Firefox for a very long time, I have Edge & Waterford (a Mozilla clone, so Firefox plugins work OK) on my PC when Firefox fails for some unknown reason. Firefox works well almost all of the time. I dumped Chrome about 5 years ago. If all three fail, I go to my wife's computer to confirm. Sometimes the website is at fault.


----------



## Kiki (Aug 15, 2018)

On Windows -
*Firefox* (main browser, with most lock downs applied)
*Edge *(sole use is to load Spotify with DRM allowed, otherwise with most locked downs applied)

On Android -
*Edge *(main browser; unlike Edge on Windows, it can block all media auto-play. Good.)
*Firefox *(it would have been my main browser if not for its Frankenstein UI)
*Firefox Focus *(when a site does not load on the locked-down Edge & Firefox)

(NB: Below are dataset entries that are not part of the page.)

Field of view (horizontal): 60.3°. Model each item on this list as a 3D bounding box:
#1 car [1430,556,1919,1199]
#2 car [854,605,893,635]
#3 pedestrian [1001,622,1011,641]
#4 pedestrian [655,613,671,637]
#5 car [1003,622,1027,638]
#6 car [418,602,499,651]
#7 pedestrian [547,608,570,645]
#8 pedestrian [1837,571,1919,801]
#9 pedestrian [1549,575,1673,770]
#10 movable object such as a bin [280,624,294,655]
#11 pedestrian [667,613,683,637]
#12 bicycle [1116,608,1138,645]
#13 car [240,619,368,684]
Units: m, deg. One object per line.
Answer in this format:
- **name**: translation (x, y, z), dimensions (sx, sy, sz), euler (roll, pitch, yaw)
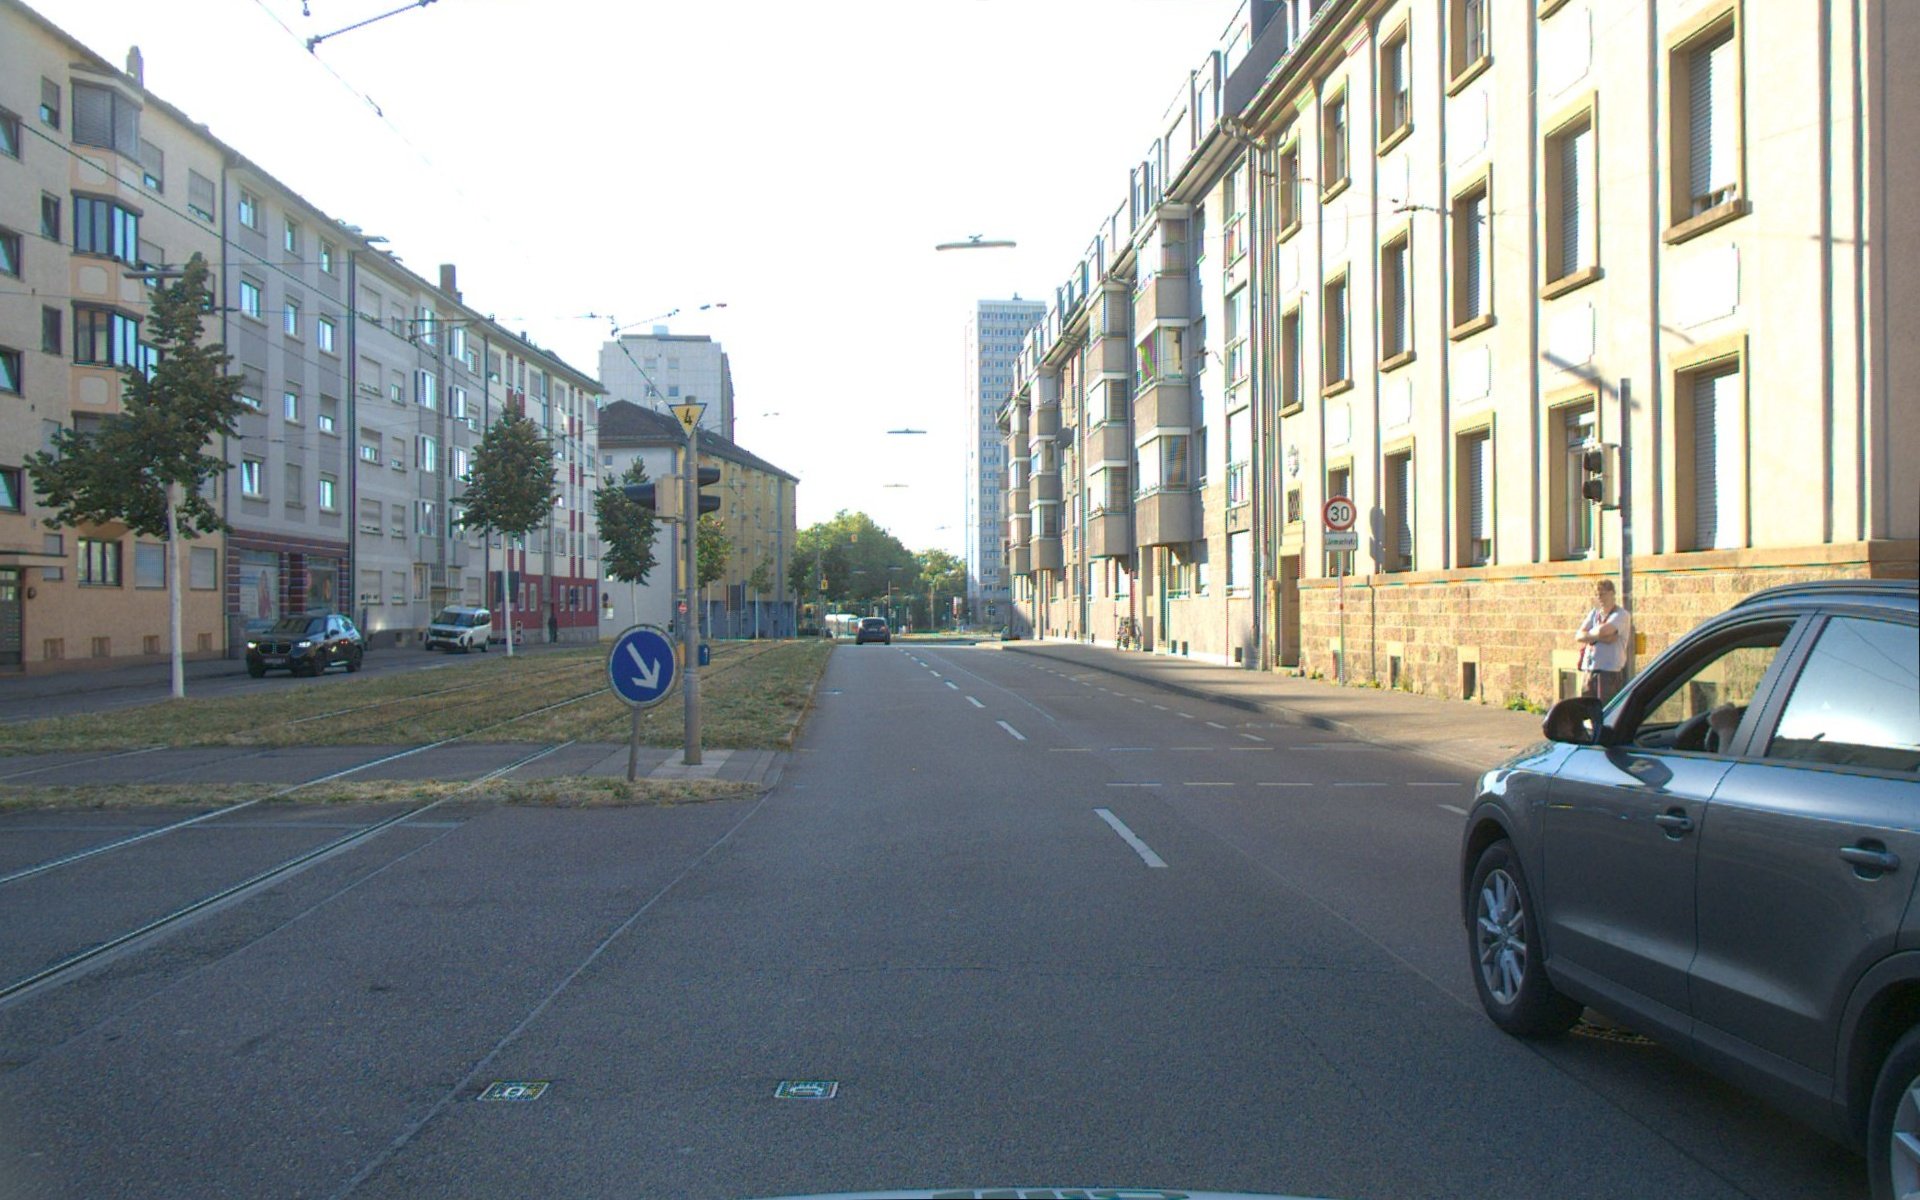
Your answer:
- **car**: translation (2.841, 0.704, 4.623), dimensions (1.664, 1.580, 4.222), euler (0, -1, -3)
- **car**: translation (-4.544, 1.047, 87.191), dimensions (1.887, 1.481, 4.326), euler (-1, 0, -1)
- **pedestrian**: translation (3.033, 2.064, 109.053), dimensions (0.677, 1.256, 0.736), euler (0, -1, 1)
- **pedestrian**: translation (-21.626, 1.825, 120.546), dimensions (0.942, 1.724, 1.011), euler (0, -1, 2)
- **car**: translation (5.440, 2.962, 162.489), dimensions (1.951, 1.591, 4.003), euler (0, -1, 8)
- **car**: translation (-20.961, 1.119, 69.305), dimensions (1.953, 1.959, 4.541), euler (1, -1, 0)
- **pedestrian**: translation (-22.613, 1.506, 93.167), dimensions (0.984, 2.071, 0.886), euler (0, -1, 3)
- **pedestrian**: translation (7.605, 0.676, 13.323), dimensions (0.617, 1.789, 0.825), euler (1, -1, -4)
- **pedestrian**: translation (6.149, 0.675, 15.655), dimensions (0.819, 1.793, 0.823), euler (1, -1, -4)
- **movable object such as a bin**: translation (-22.674, 1.333, 55.717), dimensions (0.292, 1.055, 0.441), euler (1, -1, -5)
- **pedestrian**: translation (-20.821, 1.834, 120.820), dimensions (0.942, 1.699, 1.011), euler (0, -1, 2)
- **bicycle**: translation (5.197, 0.819, 51.473), dimensions (0.376, 1.115, 1.502), euler (-1, -1, -5)
- **car**: translation (-18.207, 1.382, 46.140), dimensions (1.859, 1.662, 4.744), euler (-1, 0, -3)
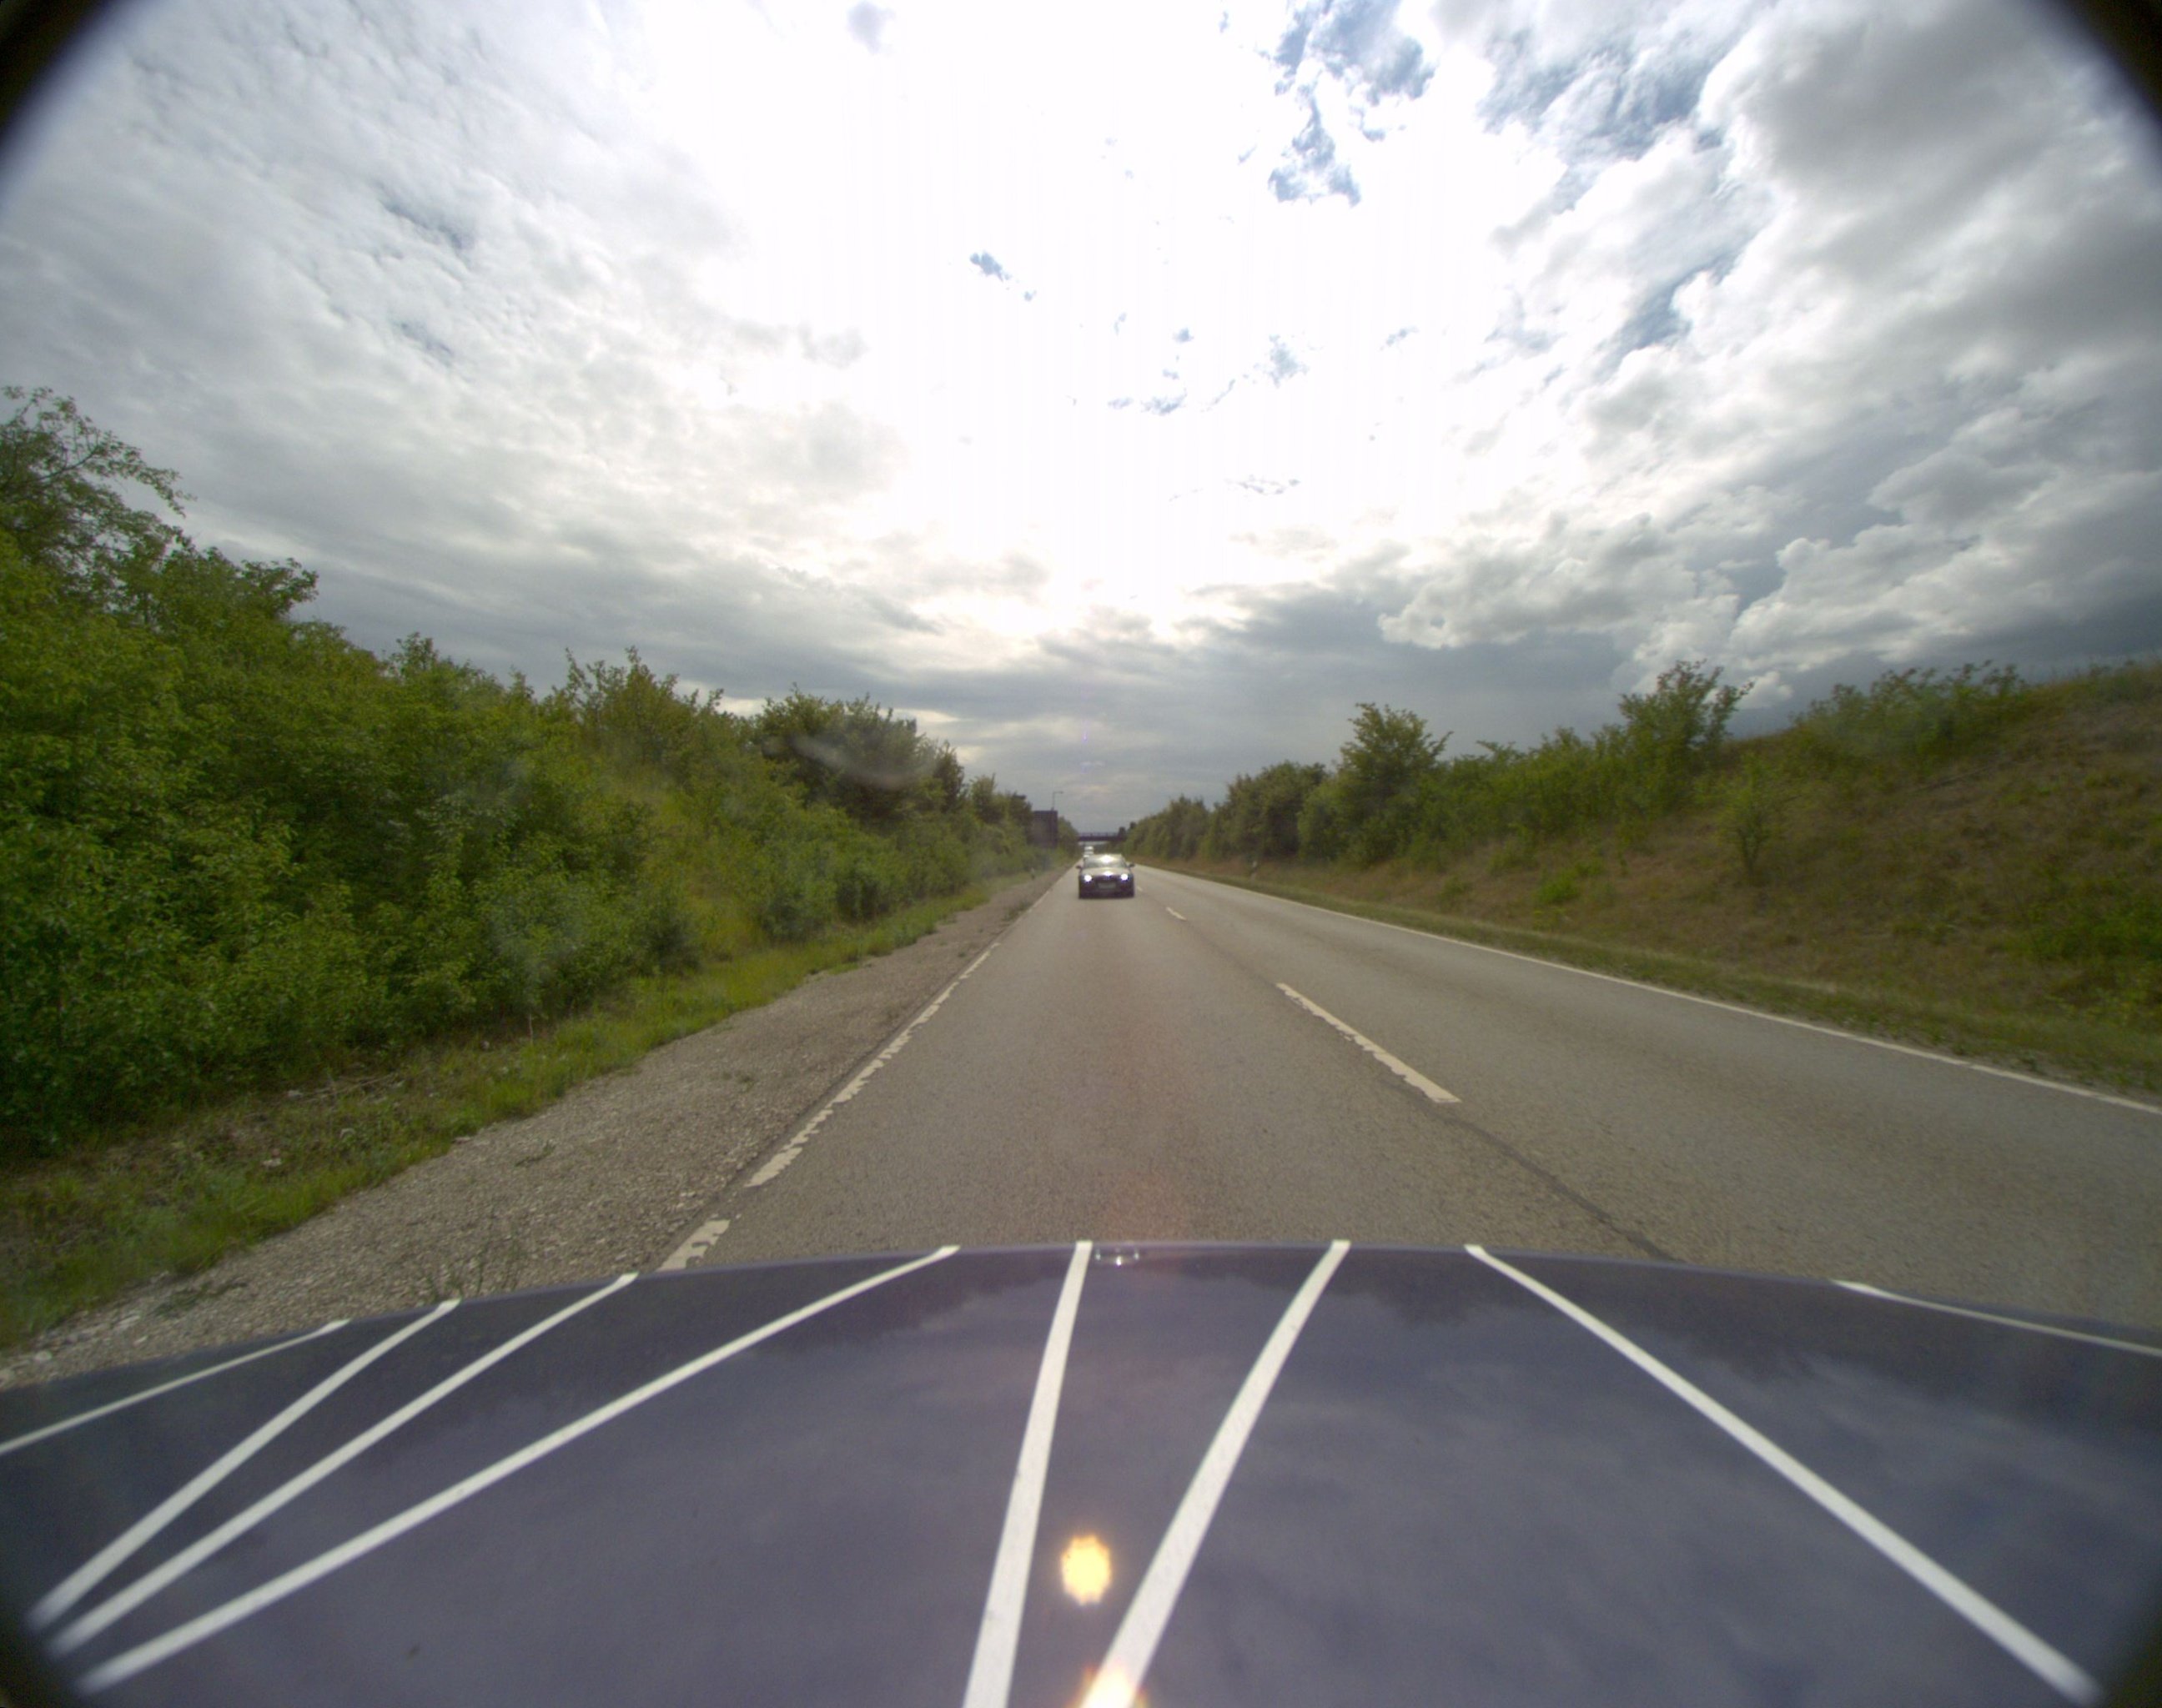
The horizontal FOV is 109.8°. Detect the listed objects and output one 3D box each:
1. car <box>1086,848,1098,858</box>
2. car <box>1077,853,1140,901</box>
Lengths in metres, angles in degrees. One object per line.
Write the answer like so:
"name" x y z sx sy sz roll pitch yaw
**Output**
"car" 1.749 -0.155 123.089 1.870 1.597 3.999 -1 1 0
"car" 0.903 0.733 26.776 1.998 1.436 4.640 -2 1 0

Once in a while, I will investigate new versions of *Vivaldi*, *Opera *and *Brave *to see if they can delete all transient data upon exit and block all media auto-play. Last time I did, they still did not do these, but it's been some time since I last checked, so there might have been some good changes.

No *Chrome*. I do not trust it in terms of security/privacy. 🤬


----------



## Art Rock (Nov 28, 2009)

Looks like Brave is something to look at. Thanks.

I edited the poll to include Brave as an option and moved the two votes for others there.


----------



## NoCoPilot (Nov 9, 2020)

Firefox, almost exclusively. It has the best security.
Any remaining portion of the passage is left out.